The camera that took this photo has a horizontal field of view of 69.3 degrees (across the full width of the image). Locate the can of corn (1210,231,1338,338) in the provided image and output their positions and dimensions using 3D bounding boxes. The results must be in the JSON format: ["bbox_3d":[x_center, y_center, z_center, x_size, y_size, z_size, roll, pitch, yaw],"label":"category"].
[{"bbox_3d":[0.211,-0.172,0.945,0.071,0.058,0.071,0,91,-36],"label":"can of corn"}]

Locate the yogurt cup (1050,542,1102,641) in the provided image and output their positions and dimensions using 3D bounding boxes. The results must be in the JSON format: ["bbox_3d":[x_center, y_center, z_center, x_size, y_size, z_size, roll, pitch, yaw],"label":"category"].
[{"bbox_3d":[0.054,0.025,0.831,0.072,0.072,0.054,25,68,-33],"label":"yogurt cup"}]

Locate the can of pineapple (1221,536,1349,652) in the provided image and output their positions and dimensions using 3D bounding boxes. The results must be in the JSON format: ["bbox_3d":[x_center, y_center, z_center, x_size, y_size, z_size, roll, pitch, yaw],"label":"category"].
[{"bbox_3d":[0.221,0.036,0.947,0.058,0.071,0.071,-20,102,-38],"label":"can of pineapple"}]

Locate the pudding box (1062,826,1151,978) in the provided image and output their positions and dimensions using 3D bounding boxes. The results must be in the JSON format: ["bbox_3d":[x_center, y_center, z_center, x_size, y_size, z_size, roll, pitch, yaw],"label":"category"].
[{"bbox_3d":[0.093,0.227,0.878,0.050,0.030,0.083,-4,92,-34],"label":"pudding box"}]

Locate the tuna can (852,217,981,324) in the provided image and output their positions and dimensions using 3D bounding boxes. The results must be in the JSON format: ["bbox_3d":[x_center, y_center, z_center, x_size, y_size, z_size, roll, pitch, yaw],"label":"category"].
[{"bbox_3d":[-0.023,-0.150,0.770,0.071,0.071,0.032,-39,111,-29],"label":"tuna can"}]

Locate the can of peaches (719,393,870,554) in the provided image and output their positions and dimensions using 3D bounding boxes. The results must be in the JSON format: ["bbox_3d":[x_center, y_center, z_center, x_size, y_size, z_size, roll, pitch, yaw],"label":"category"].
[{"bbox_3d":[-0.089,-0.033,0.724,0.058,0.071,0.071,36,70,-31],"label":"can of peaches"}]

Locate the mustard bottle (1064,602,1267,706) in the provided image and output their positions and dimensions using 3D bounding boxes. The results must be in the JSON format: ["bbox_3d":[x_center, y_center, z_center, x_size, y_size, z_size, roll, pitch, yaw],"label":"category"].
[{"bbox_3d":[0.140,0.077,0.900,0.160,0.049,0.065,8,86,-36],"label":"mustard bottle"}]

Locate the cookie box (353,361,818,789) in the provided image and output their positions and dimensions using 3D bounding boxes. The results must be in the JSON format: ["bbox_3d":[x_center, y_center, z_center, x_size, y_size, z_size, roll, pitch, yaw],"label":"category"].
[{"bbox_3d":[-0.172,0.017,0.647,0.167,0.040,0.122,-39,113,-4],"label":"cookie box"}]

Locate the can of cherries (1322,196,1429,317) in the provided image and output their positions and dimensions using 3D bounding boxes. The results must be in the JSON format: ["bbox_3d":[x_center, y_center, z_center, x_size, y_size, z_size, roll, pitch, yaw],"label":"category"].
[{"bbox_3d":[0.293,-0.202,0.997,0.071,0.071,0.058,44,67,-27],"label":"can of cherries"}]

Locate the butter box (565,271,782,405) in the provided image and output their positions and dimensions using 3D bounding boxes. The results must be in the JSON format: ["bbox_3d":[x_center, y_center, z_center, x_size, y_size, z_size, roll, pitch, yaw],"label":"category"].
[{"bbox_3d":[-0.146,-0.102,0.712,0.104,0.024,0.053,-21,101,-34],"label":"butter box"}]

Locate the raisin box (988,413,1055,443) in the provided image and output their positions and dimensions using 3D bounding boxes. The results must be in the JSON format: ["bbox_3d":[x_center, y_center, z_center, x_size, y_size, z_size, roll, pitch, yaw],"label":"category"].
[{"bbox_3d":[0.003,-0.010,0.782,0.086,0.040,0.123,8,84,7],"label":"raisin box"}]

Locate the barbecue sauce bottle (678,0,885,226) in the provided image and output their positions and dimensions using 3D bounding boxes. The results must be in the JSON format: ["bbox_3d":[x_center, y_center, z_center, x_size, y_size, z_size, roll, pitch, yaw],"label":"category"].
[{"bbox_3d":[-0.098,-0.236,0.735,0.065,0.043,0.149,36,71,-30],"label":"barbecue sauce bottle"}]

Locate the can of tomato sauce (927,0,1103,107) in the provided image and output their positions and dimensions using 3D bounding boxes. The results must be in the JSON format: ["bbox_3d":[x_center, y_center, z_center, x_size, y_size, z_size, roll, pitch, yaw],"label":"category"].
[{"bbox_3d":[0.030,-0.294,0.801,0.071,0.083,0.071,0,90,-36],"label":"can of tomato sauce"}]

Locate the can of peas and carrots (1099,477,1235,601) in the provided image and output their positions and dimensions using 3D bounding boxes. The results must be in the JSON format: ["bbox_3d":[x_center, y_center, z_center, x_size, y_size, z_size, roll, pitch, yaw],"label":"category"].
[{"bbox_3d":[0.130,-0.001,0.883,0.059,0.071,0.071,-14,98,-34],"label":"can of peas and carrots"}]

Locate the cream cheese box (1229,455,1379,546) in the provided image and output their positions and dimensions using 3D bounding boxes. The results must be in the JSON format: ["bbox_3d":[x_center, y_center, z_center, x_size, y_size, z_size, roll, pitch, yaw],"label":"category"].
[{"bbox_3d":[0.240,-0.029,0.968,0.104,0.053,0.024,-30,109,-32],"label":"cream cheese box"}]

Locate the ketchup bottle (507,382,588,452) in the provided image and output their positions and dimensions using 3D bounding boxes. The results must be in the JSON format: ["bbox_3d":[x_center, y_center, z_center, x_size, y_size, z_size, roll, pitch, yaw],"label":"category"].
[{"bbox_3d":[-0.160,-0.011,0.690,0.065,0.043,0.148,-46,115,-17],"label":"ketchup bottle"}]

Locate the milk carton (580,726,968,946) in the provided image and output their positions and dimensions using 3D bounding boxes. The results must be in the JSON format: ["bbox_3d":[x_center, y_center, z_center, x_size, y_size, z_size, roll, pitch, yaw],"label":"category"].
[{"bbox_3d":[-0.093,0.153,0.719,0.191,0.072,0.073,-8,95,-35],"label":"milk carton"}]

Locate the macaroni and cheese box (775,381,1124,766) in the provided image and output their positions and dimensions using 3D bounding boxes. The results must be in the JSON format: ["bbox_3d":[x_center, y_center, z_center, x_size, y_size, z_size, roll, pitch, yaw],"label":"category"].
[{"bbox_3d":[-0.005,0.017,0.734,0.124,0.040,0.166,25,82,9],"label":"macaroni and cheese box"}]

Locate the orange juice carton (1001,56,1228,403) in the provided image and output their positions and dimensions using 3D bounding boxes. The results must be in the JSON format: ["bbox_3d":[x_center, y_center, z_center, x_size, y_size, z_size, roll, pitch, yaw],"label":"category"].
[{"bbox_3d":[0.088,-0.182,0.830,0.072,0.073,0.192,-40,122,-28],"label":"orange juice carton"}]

────

- **ACTIVITY**: The full set of entries should be transcribed exactly.

- **ANSWER TO THIS PROBLEM**:
The camera that took this photo has a horizontal field of view of 69.3 degrees (across the full width of the image). Locate the can of corn (1210,231,1338,338) in the provided image and output their positions and dimensions using 3D bounding boxes. The results must be in the JSON format: ["bbox_3d":[x_center, y_center, z_center, x_size, y_size, z_size, roll, pitch, yaw],"label":"category"].
[{"bbox_3d":[0.211,-0.172,0.945,0.071,0.058,0.071,0,91,-36],"label":"can of corn"}]

Locate the yogurt cup (1050,542,1102,641) in the provided image and output their positions and dimensions using 3D bounding boxes. The results must be in the JSON format: ["bbox_3d":[x_center, y_center, z_center, x_size, y_size, z_size, roll, pitch, yaw],"label":"category"].
[{"bbox_3d":[0.054,0.025,0.831,0.072,0.072,0.054,25,68,-33],"label":"yogurt cup"}]

Locate the can of pineapple (1221,536,1349,652) in the provided image and output their positions and dimensions using 3D bounding boxes. The results must be in the JSON format: ["bbox_3d":[x_center, y_center, z_center, x_size, y_size, z_size, roll, pitch, yaw],"label":"category"].
[{"bbox_3d":[0.221,0.036,0.947,0.058,0.071,0.071,-20,102,-38],"label":"can of pineapple"}]

Locate the pudding box (1062,826,1151,978) in the provided image and output their positions and dimensions using 3D bounding boxes. The results must be in the JSON format: ["bbox_3d":[x_center, y_center, z_center, x_size, y_size, z_size, roll, pitch, yaw],"label":"category"].
[{"bbox_3d":[0.093,0.227,0.878,0.050,0.030,0.083,-4,92,-34],"label":"pudding box"}]

Locate the tuna can (852,217,981,324) in the provided image and output their positions and dimensions using 3D bounding boxes. The results must be in the JSON format: ["bbox_3d":[x_center, y_center, z_center, x_size, y_size, z_size, roll, pitch, yaw],"label":"category"].
[{"bbox_3d":[-0.023,-0.150,0.770,0.071,0.071,0.032,-39,111,-29],"label":"tuna can"}]

Locate the can of peaches (719,393,870,554) in the provided image and output their positions and dimensions using 3D bounding boxes. The results must be in the JSON format: ["bbox_3d":[x_center, y_center, z_center, x_size, y_size, z_size, roll, pitch, yaw],"label":"category"].
[{"bbox_3d":[-0.089,-0.033,0.724,0.058,0.071,0.071,36,70,-31],"label":"can of peaches"}]

Locate the mustard bottle (1064,602,1267,706) in the provided image and output their positions and dimensions using 3D bounding boxes. The results must be in the JSON format: ["bbox_3d":[x_center, y_center, z_center, x_size, y_size, z_size, roll, pitch, yaw],"label":"category"].
[{"bbox_3d":[0.140,0.077,0.900,0.160,0.049,0.065,8,86,-36],"label":"mustard bottle"}]

Locate the cookie box (353,361,818,789) in the provided image and output their positions and dimensions using 3D bounding boxes. The results must be in the JSON format: ["bbox_3d":[x_center, y_center, z_center, x_size, y_size, z_size, roll, pitch, yaw],"label":"category"].
[{"bbox_3d":[-0.172,0.017,0.647,0.167,0.040,0.122,-39,113,-4],"label":"cookie box"}]

Locate the can of cherries (1322,196,1429,317) in the provided image and output their positions and dimensions using 3D bounding boxes. The results must be in the JSON format: ["bbox_3d":[x_center, y_center, z_center, x_size, y_size, z_size, roll, pitch, yaw],"label":"category"].
[{"bbox_3d":[0.293,-0.202,0.997,0.071,0.071,0.058,44,67,-27],"label":"can of cherries"}]

Locate the butter box (565,271,782,405) in the provided image and output their positions and dimensions using 3D bounding boxes. The results must be in the JSON format: ["bbox_3d":[x_center, y_center, z_center, x_size, y_size, z_size, roll, pitch, yaw],"label":"category"].
[{"bbox_3d":[-0.146,-0.102,0.712,0.104,0.024,0.053,-21,101,-34],"label":"butter box"}]

Locate the raisin box (988,413,1055,443) in the provided image and output their positions and dimensions using 3D bounding boxes. The results must be in the JSON format: ["bbox_3d":[x_center, y_center, z_center, x_size, y_size, z_size, roll, pitch, yaw],"label":"category"].
[{"bbox_3d":[0.003,-0.010,0.782,0.086,0.040,0.123,8,84,7],"label":"raisin box"}]

Locate the barbecue sauce bottle (678,0,885,226) in the provided image and output their positions and dimensions using 3D bounding boxes. The results must be in the JSON format: ["bbox_3d":[x_center, y_center, z_center, x_size, y_size, z_size, roll, pitch, yaw],"label":"category"].
[{"bbox_3d":[-0.098,-0.236,0.735,0.065,0.043,0.149,36,71,-30],"label":"barbecue sauce bottle"}]

Locate the can of tomato sauce (927,0,1103,107) in the provided image and output their positions and dimensions using 3D bounding boxes. The results must be in the JSON format: ["bbox_3d":[x_center, y_center, z_center, x_size, y_size, z_size, roll, pitch, yaw],"label":"category"].
[{"bbox_3d":[0.030,-0.294,0.801,0.071,0.083,0.071,0,90,-36],"label":"can of tomato sauce"}]

Locate the can of peas and carrots (1099,477,1235,601) in the provided image and output their positions and dimensions using 3D bounding boxes. The results must be in the JSON format: ["bbox_3d":[x_center, y_center, z_center, x_size, y_size, z_size, roll, pitch, yaw],"label":"category"].
[{"bbox_3d":[0.130,-0.001,0.883,0.059,0.071,0.071,-14,98,-34],"label":"can of peas and carrots"}]

Locate the cream cheese box (1229,455,1379,546) in the provided image and output their positions and dimensions using 3D bounding boxes. The results must be in the JSON format: ["bbox_3d":[x_center, y_center, z_center, x_size, y_size, z_size, roll, pitch, yaw],"label":"category"].
[{"bbox_3d":[0.240,-0.029,0.968,0.104,0.053,0.024,-30,109,-32],"label":"cream cheese box"}]

Locate the ketchup bottle (507,382,588,452) in the provided image and output their positions and dimensions using 3D bounding boxes. The results must be in the JSON format: ["bbox_3d":[x_center, y_center, z_center, x_size, y_size, z_size, roll, pitch, yaw],"label":"category"].
[{"bbox_3d":[-0.160,-0.011,0.690,0.065,0.043,0.148,-46,115,-17],"label":"ketchup bottle"}]

Locate the milk carton (580,726,968,946) in the provided image and output their positions and dimensions using 3D bounding boxes. The results must be in the JSON format: ["bbox_3d":[x_center, y_center, z_center, x_size, y_size, z_size, roll, pitch, yaw],"label":"category"].
[{"bbox_3d":[-0.093,0.153,0.719,0.191,0.072,0.073,-8,95,-35],"label":"milk carton"}]

Locate the macaroni and cheese box (775,381,1124,766) in the provided image and output their positions and dimensions using 3D bounding boxes. The results must be in the JSON format: ["bbox_3d":[x_center, y_center, z_center, x_size, y_size, z_size, roll, pitch, yaw],"label":"category"].
[{"bbox_3d":[-0.005,0.017,0.734,0.124,0.040,0.166,25,82,9],"label":"macaroni and cheese box"}]

Locate the orange juice carton (1001,56,1228,403) in the provided image and output their positions and dimensions using 3D bounding boxes. The results must be in the JSON format: ["bbox_3d":[x_center, y_center, z_center, x_size, y_size, z_size, roll, pitch, yaw],"label":"category"].
[{"bbox_3d":[0.088,-0.182,0.830,0.072,0.073,0.192,-40,122,-28],"label":"orange juice carton"}]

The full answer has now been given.